--- Task input ---
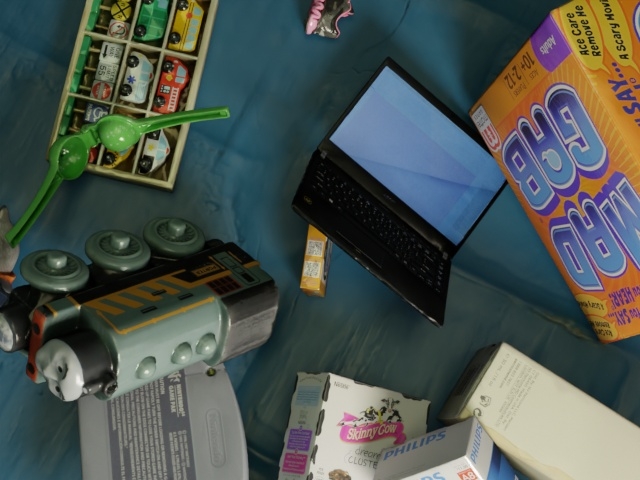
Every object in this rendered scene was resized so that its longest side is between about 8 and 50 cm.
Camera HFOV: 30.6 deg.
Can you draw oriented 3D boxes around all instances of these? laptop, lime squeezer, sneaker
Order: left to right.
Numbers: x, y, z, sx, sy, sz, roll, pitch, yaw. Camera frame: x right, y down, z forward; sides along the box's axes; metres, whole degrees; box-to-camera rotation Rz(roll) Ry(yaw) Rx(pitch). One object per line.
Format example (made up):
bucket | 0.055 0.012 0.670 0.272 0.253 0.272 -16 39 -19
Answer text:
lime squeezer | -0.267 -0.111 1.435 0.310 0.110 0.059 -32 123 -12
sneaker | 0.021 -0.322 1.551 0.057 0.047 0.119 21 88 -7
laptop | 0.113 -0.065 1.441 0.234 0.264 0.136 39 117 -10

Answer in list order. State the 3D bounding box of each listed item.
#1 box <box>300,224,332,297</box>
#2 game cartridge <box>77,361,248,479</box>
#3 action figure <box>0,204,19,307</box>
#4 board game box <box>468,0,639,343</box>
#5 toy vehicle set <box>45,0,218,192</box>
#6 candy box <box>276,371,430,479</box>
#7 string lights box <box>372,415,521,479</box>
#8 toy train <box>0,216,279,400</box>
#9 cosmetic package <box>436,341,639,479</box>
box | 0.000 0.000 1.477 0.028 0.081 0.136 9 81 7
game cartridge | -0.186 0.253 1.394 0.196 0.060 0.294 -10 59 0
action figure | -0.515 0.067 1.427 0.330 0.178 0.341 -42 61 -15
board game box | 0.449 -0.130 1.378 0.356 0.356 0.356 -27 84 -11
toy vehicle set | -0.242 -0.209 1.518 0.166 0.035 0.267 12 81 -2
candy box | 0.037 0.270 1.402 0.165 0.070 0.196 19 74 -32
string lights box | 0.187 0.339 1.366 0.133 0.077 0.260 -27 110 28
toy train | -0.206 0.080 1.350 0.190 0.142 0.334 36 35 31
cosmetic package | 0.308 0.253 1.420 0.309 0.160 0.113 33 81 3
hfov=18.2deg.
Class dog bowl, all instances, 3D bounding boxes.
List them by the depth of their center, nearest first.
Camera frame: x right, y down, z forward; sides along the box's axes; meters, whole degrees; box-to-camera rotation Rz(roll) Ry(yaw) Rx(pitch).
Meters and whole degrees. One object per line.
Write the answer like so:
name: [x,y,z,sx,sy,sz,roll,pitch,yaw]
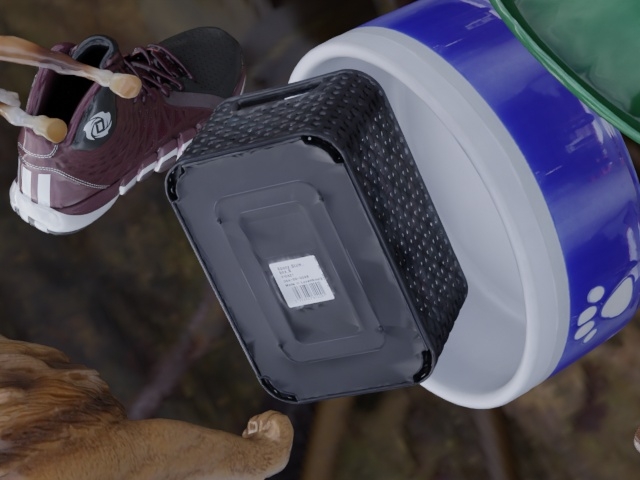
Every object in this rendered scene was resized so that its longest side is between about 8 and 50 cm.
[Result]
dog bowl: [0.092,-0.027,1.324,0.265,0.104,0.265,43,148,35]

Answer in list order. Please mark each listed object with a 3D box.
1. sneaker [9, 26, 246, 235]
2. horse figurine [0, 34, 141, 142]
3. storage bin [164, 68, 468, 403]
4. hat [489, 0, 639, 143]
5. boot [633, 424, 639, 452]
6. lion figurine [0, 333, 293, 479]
---
### Instructions to follow
Filter the listing above, keeping only the lines with "pitch".

### Answer area
Numbers: x, y, z, sx, sy, sz, roll, pitch, yaw. Camera frame: x right, y down, z forward; sides along the box's axes; metres, whole degrees; box-to-camera rotation Rz(roll) Ry(yaw) Rx(pitch). One object per line.
Camera frame: x right, y down, z forward; sides along the box's axes; meters, whole degrees; box-to-camera rotation Rz(roll) Ry(yaw) Rx(pitch).
name: [x,y,z,sx,sy,sz,roll,pitch,yaw]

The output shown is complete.